### PROVIDED RECORDS
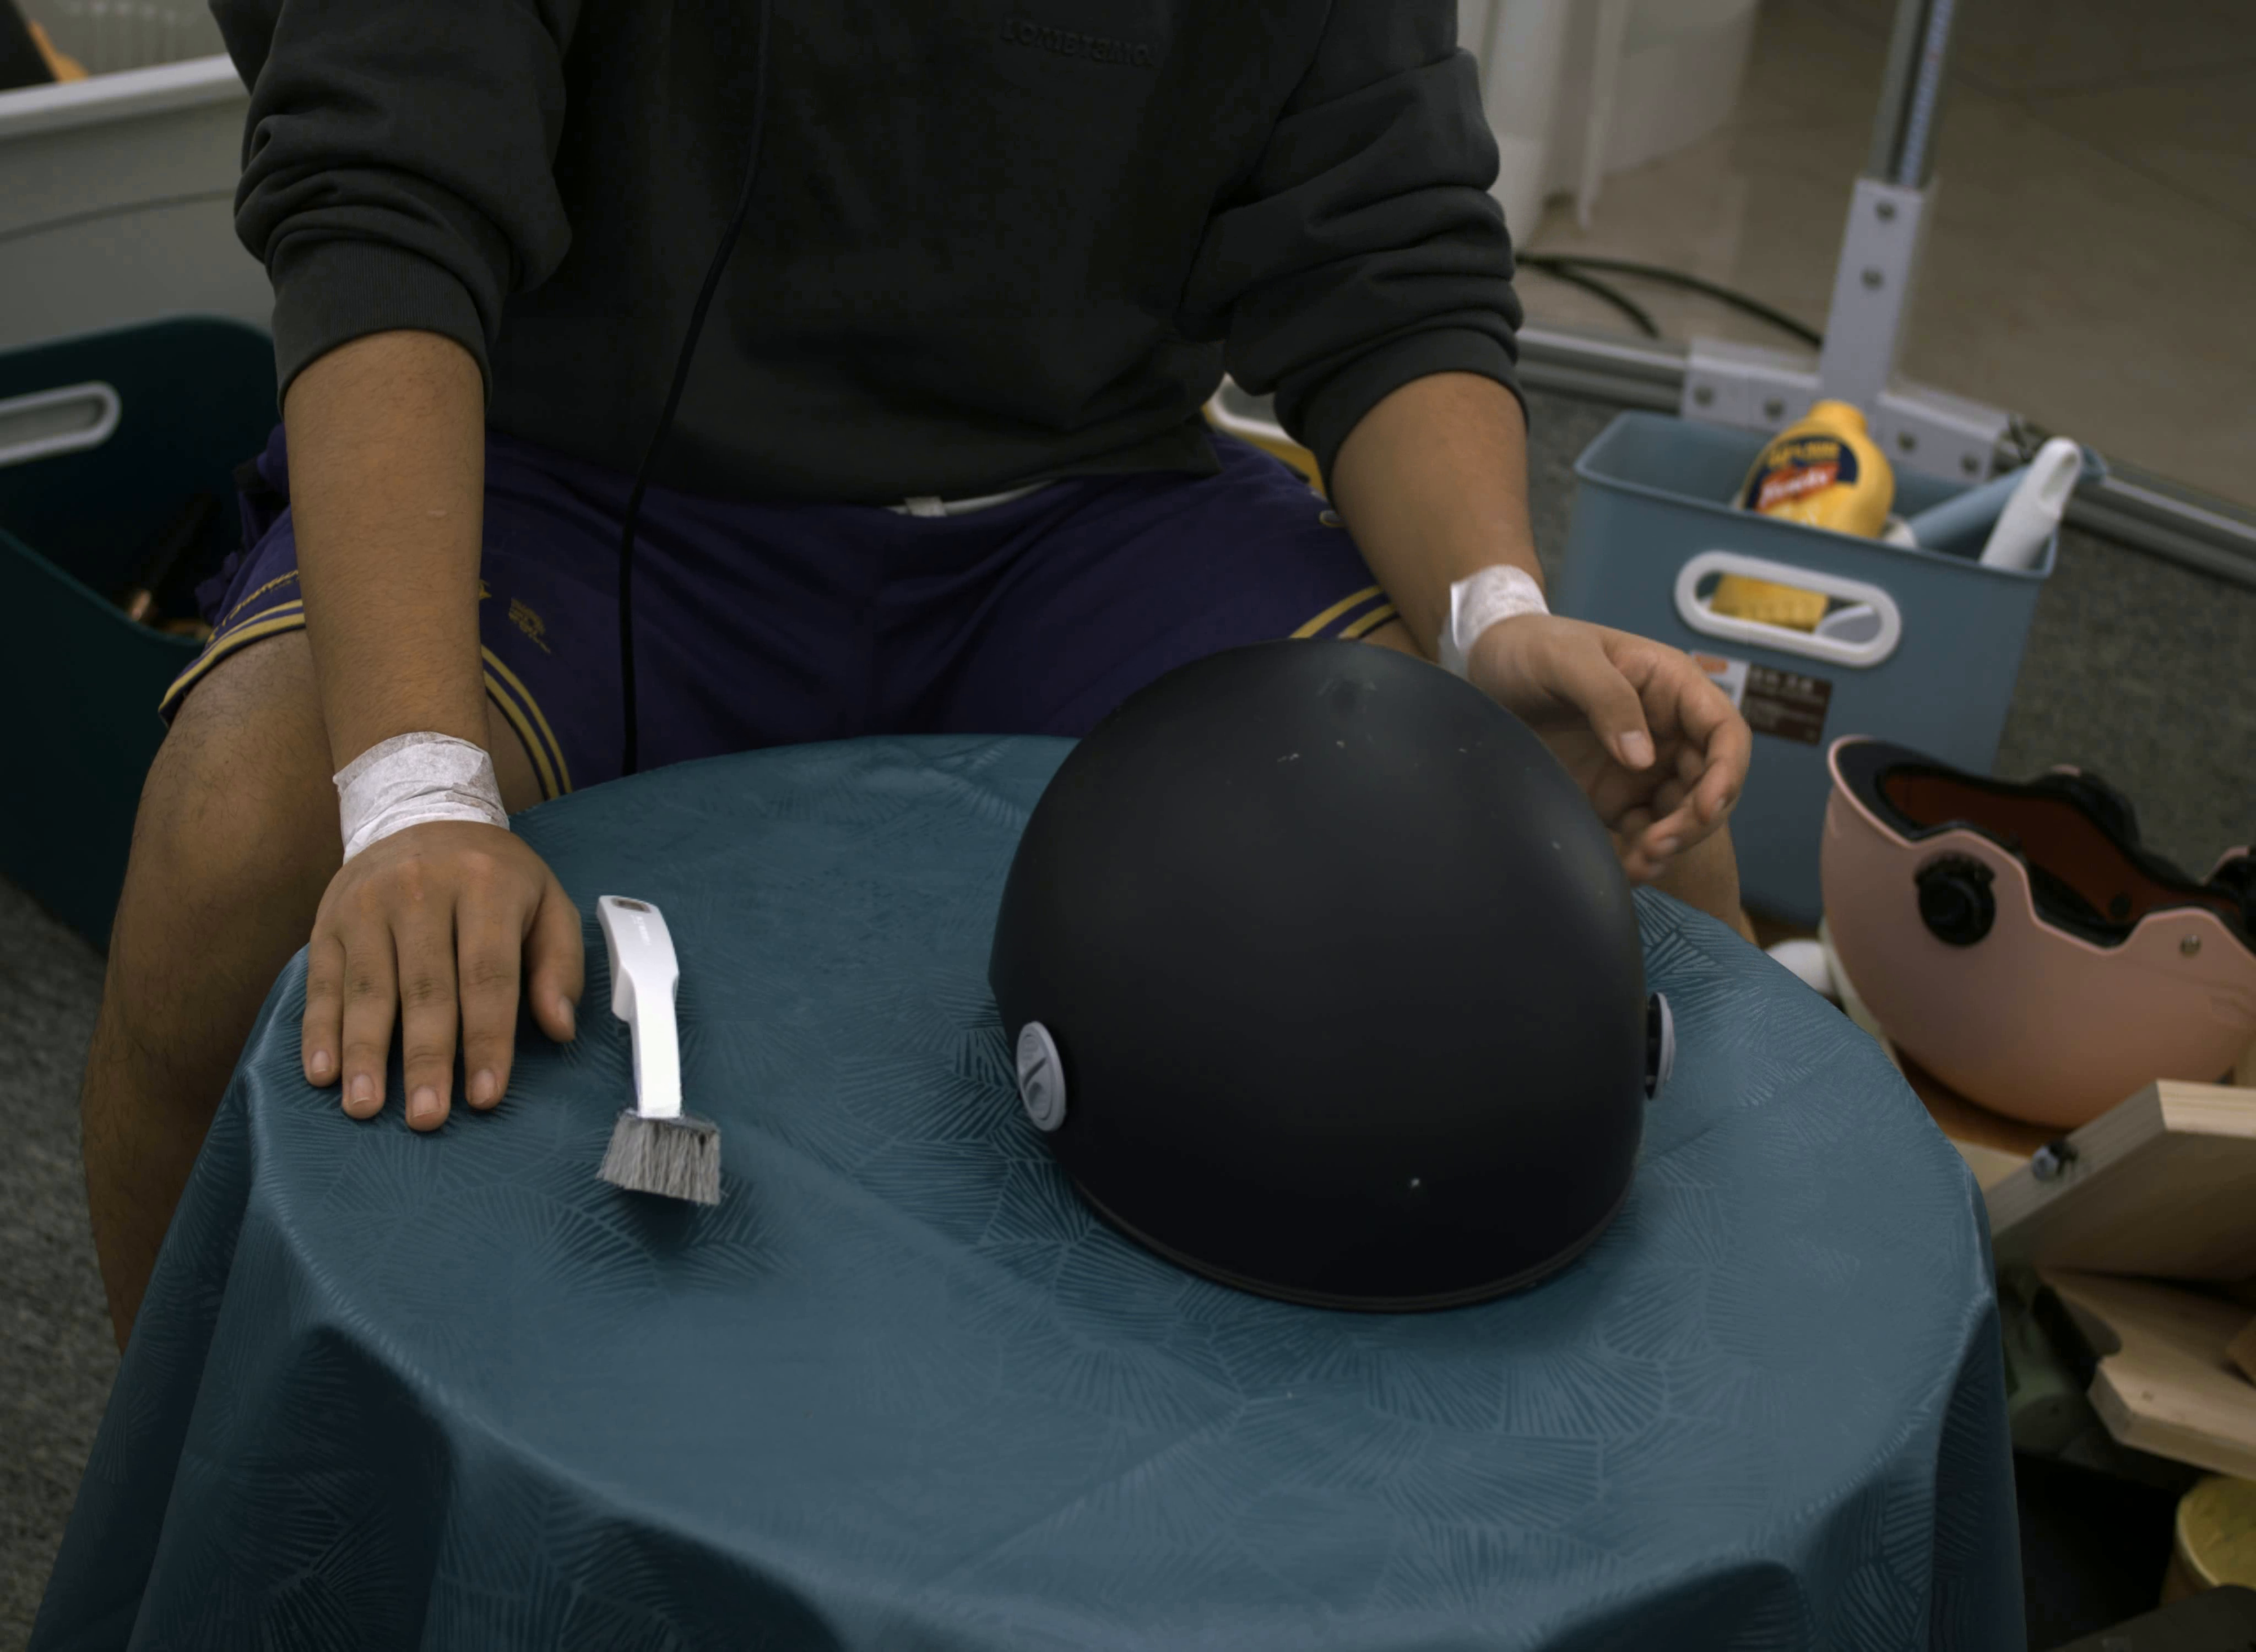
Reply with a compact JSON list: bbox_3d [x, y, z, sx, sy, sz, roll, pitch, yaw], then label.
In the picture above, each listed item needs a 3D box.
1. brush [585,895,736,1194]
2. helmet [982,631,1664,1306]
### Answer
[{"bbox_3d":[-0.167,0.078,1.827,0.034,0.050,0.245,10,13,-14],"label":"brush"},{"bbox_3d":[0.068,0.030,1.828,0.229,0.166,0.275,-2,30,-10],"label":"helmet"}]
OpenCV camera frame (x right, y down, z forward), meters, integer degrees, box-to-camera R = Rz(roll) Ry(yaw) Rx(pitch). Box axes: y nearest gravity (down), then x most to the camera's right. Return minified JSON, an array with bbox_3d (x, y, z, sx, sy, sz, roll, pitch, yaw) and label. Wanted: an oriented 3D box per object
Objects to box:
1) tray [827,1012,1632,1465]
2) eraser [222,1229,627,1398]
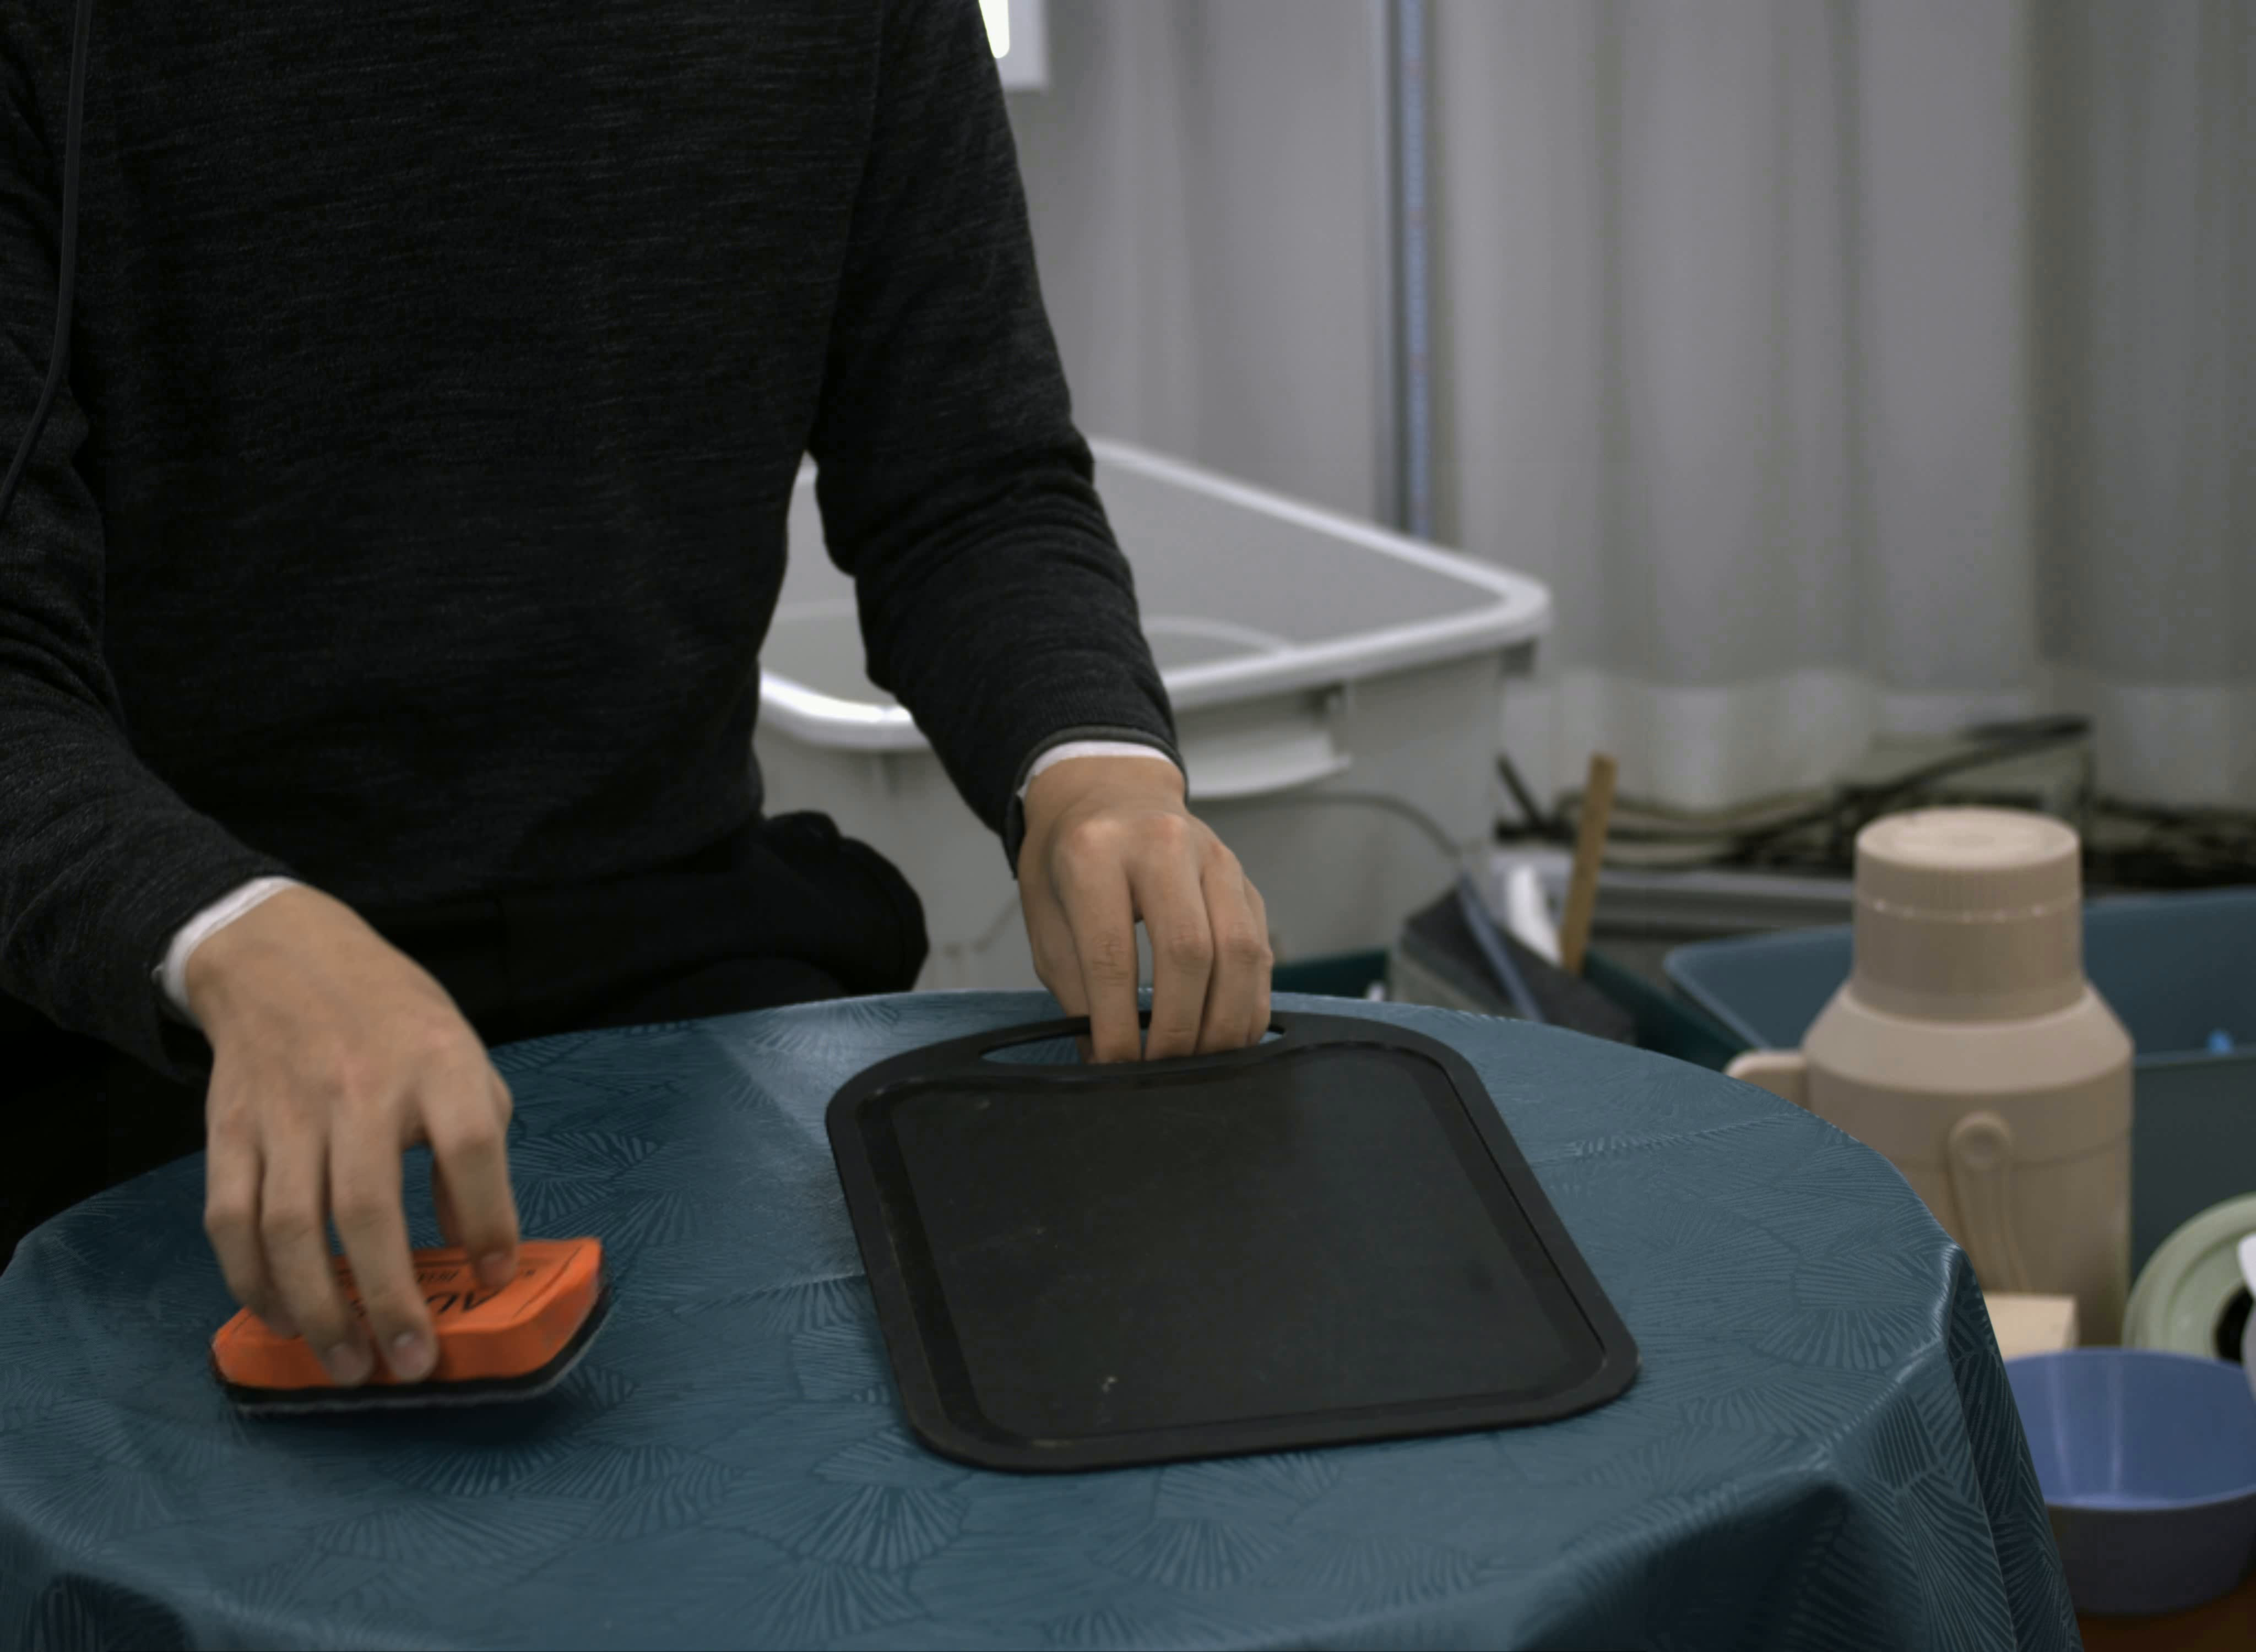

### WHAT THIS TASK INVOLVES
Provide an exact copy of the records, excluding every picture.

### OUTPUT OF THE EXERCISE
Reply with a compact JSON list: bbox_3d [x, y, z, sx, sy, sz, roll, pitch, yaw], then label.
In the picture above, each listed item needs a 3D box.
1. brush [585,895,736,1194]
2. helmet [982,631,1664,1306]
### Answer
[{"bbox_3d":[-0.167,0.078,1.827,0.034,0.050,0.245,10,13,-14],"label":"brush"},{"bbox_3d":[0.068,0.030,1.828,0.229,0.166,0.275,-2,30,-10],"label":"helmet"}]
OpenCV camera frame (x right, y down, z forward), meters, integer degrees, box-to-camera R = Rz(roll) Ry(yaw) Rx(pitch). Box axes: y nearest gravity (down), then x most to the camera's right. Return minified JSON, an array with bbox_3d (x, y, z, sx, sy, sz, roll, pitch, yaw) and label. Wanted: an oriented 3D box per object
Objects to box:
1) tray [827,1012,1632,1465]
2) eraser [222,1229,627,1398]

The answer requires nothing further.